As a simple example, consider a user who wants to log in to a computer system. If he sends the actual password, or a hash of it, over the wire, then a wiretapper can get it. Moreover, if an attacker can obtain the list of encrypted passwords from the target system, then he can conduct a dictionary attack and break into any account whose password is in the dictionary.

In a challenge-response protocol, the interaction might go like this instead:

  1. the user requests a connection
  2. the system generates a random challenge C, using a strong random number generator
  3. the system sends C to the user
  4. the user encrypts C with a block cipher, using the hash of his password as key, to generate the response R
  5. the user sends R back to the system
  6. the system decrypts R, using the stored hash of the user password as key
  7. if the result is C, the connection is allowed

There are many variations. The example uses a block cipher, but it can also be done with public key techniques — the user encrypts with his private key in step 4 and the system verifies with the public key in step 6. A hash can also be used — step 4 is then to hash some combination of data that includes the challenge and the hashed password to get R, and step 6 is to hash the same data and compare the result to R.

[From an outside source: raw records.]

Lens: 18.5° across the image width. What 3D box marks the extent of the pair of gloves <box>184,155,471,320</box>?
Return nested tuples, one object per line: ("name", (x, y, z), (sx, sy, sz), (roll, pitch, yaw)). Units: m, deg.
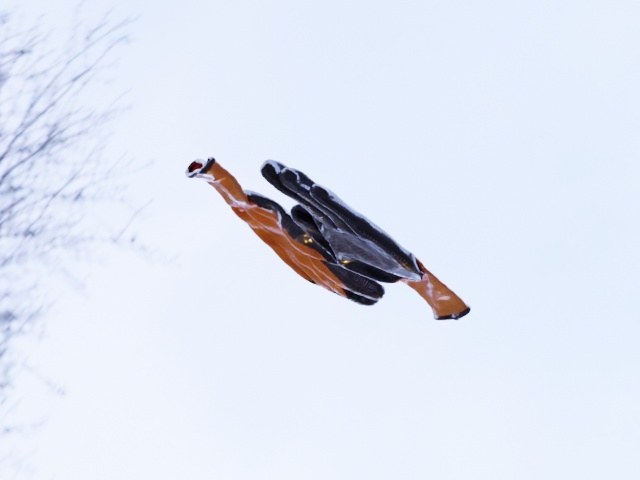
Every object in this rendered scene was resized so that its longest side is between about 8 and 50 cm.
("pair of gloves", (0.000, 0.000, 0.576), (0.074, 0.083, 0.010), (39, -105, -21))
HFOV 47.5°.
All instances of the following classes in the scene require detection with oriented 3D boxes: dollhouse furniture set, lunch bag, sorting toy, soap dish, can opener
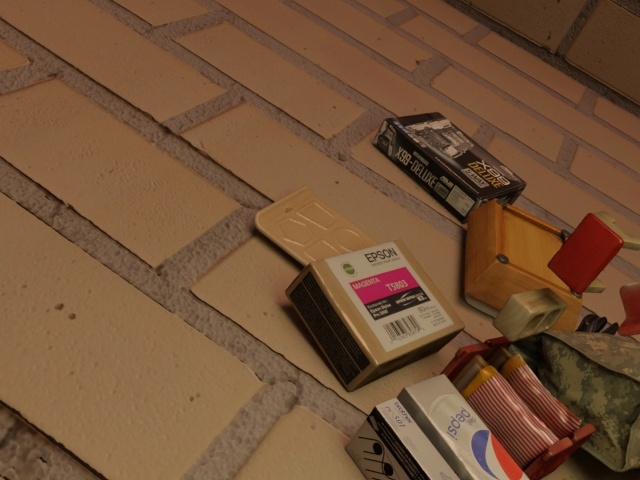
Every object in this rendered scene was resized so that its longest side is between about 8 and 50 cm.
[{"bbox_3d":[0.338,0.163,1.040,0.152,0.374,0.201,-5,44,-46],"label":"dollhouse furniture set"},{"bbox_3d":[0.474,0.240,1.207,0.235,0.169,0.287,5,15,-32],"label":"lunch bag"},{"bbox_3d":[0.000,0.000,1.318,0.208,0.038,0.193,41,36,10],"label":"sorting toy"},{"bbox_3d":[0.406,0.050,1.463,0.228,0.118,0.291,26,35,-4],"label":"soap dish"},{"bbox_3d":[0.557,0.184,1.449,0.059,0.073,0.186,40,26,31],"label":"can opener"}]

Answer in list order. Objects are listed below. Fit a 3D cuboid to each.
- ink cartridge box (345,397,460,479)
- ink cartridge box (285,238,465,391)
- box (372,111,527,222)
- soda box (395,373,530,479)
[{"bbox_3d":[0.124,0.314,0.930,0.046,0.097,0.207,-9,49,-42],"label":"ink cartridge box"},{"bbox_3d":[0.091,0.111,1.163,0.234,0.088,0.193,-14,62,-45],"label":"ink cartridge box"},{"bbox_3d":[0.311,-0.184,1.740,0.242,0.077,0.307,-17,54,-47],"label":"box"},{"bbox_3d":[0.203,0.324,0.976,0.091,0.098,0.286,-7,46,-41],"label":"soda box"}]
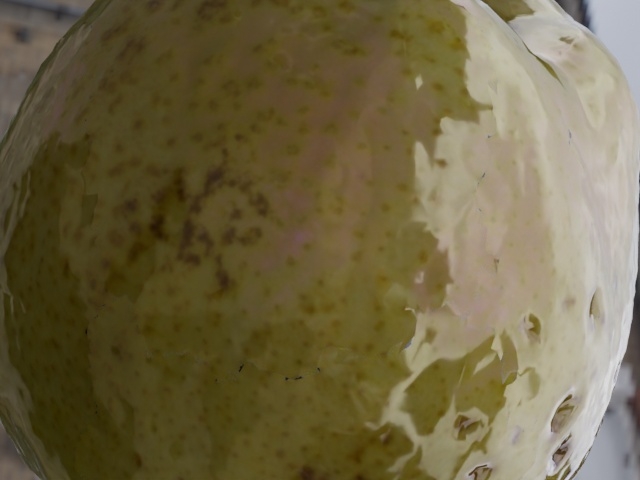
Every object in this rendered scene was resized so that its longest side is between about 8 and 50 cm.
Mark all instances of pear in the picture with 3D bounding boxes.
[{"bbox_3d":[0.000,0.000,0.484,0.178,0.178,0.178,-170,-90,-69],"label":"pear"}]
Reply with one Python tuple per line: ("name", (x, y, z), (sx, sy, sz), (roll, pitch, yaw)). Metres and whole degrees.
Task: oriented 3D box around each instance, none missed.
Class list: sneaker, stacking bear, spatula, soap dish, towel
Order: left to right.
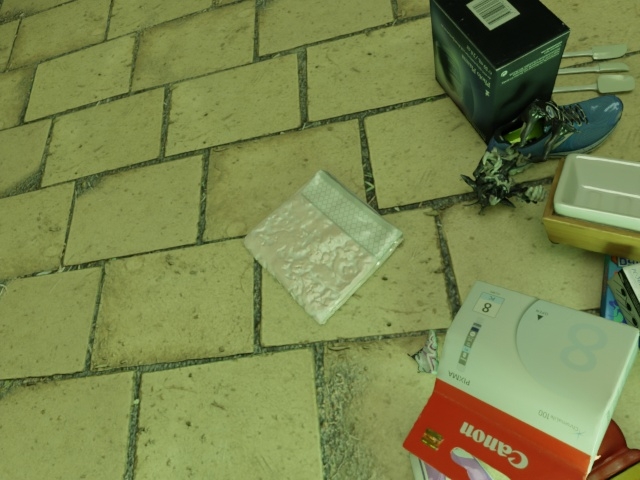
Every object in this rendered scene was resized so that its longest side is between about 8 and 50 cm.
("towel", (0.000, 0.000, 1.165), (0.317, 0.053, 0.332), (-44, 62, -5))
("sneaker", (0.229, 0.249, 0.994), (0.069, 0.038, 0.098), (-4, 66, 14))
("sneaker", (0.279, 0.531, 0.824), (0.161, 0.102, 0.282), (-15, 64, 6))
("sneaker", (0.566, -0.270, 1.063), (0.329, 0.147, 0.130), (-22, 63, 5))
("spatula", (0.690, -0.453, 1.180), (0.241, 0.019, 0.168), (2, 69, 17))
("soap dish", (0.637, -0.064, 0.929), (0.290, 0.118, 0.229), (17, 49, 25))
("stacking bear", (0.536, 0.433, 0.761), (0.164, 0.175, 0.289), (0, 44, -32))

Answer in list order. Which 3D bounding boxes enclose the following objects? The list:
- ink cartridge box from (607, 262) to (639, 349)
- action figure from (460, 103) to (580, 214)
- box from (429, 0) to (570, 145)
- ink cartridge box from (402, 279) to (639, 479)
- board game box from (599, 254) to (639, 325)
("ink cartridge box", (0.623, 0.154, 0.834), (0.046, 0.097, 0.207), (-16, 66, 10))
("action figure", (0.431, -0.160, 0.997), (0.164, 0.141, 0.276), (30, 116, -3))
("box", (0.423, -0.449, 1.100), (0.182, 0.294, 0.296), (-28, 62, 6))
("ink cartridge box", (0.359, 0.285, 0.835), (0.308, 0.091, 0.385), (18, 63, 43))
("board game box", (0.682, 0.103, 0.921), (0.160, 0.047, 0.210), (10, 70, 20))
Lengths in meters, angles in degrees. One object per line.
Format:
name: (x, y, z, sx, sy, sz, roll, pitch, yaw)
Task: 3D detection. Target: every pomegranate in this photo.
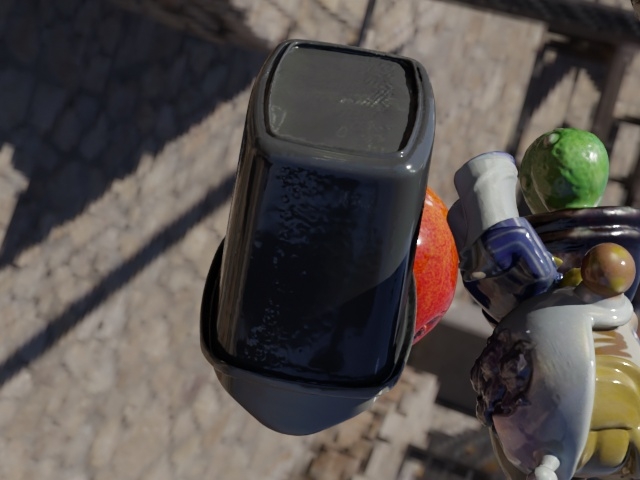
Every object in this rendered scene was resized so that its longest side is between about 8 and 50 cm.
pomegranate: (0.026, 0.006, 1.627, 0.221, 0.257, 0.221, -45, 179, -1)

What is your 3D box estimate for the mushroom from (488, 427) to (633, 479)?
mushroom: (0.221, 0.183, 1.447, 0.141, 0.117, 0.188, -97, 165, -80)

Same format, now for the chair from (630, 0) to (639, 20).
chair: (0.315, 0.011, 0.354, 0.240, 0.416, 0.203, -42, 141, 1)

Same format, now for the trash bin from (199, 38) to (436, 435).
trash bin: (0.000, 0.000, 1.259, 0.209, 0.182, 0.290, -79, 178, -52)

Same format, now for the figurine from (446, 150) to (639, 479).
figurine: (0.159, 0.052, 1.117, 0.194, 0.133, 0.274, 124, -46, -65)

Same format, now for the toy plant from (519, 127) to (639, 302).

In any case, the actual password is never transmitted. An eavesdropper can see C and R each time, but that does him little good. Next time a different challenge will be used and a different response required. If the cryptography used is sound, then even with a large collection of challenge/response pairs, it should be very difficult for him to discover anything about the password.

The challenge must be large enough to prevent a birthday attack. With a challenge of 2n bits, an attacker who logs the data from 2n/2 interactions has a significant chance of seeing a repeated challenge.